Argumen yang digunakan pemerintah terdengar sederhana sekaligus populer: subsidi energi tidak boleh dinikmati kelompok mampu. Narasi ini secara politik sangat efektif karena membangun kesan bahwa negara sedang memperjuangkan keadilan distribusi. Namun persoalannya, asumsi dasar kebijakan tersebut tidak sepenuhnya sesuai dengan realitas sosial masyarakat Indonesia.
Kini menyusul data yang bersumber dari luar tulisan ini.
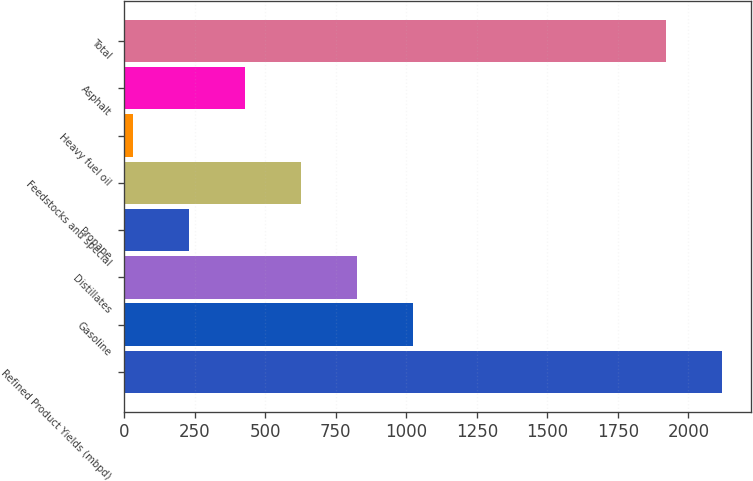Convert chart. <chart><loc_0><loc_0><loc_500><loc_500><bar_chart><fcel>Refined Product Yields (mbpd)<fcel>Gasoline<fcel>Distillates<fcel>Propane<fcel>Feedstocks and special<fcel>Heavy fuel oil<fcel>Asphalt<fcel>Total<nl><fcel>2117.4<fcel>1023<fcel>824.6<fcel>229.4<fcel>626.2<fcel>31<fcel>427.8<fcel>1919<nl></chart>

Pertamax bukan lagi sekadar konsumsi kelompok menengah atas. Di banyak daerah, pengguna Pertamax justru berasal dari kelompok pekerja produktif seperti pengemudi ojek online, pelaku usaha mikro, pekerja lapangan, hingga masyarakat kelas menengah yang menggunakan kendaraan sebagai instrumen produksi ekonomi. Mereka memilih Pertamax bukan karena simbol status sosial, melainkan karena pertimbangan efisiensi dan keberlanjutan kendaraan yang menjadi sumber penghasilan sehari-hari.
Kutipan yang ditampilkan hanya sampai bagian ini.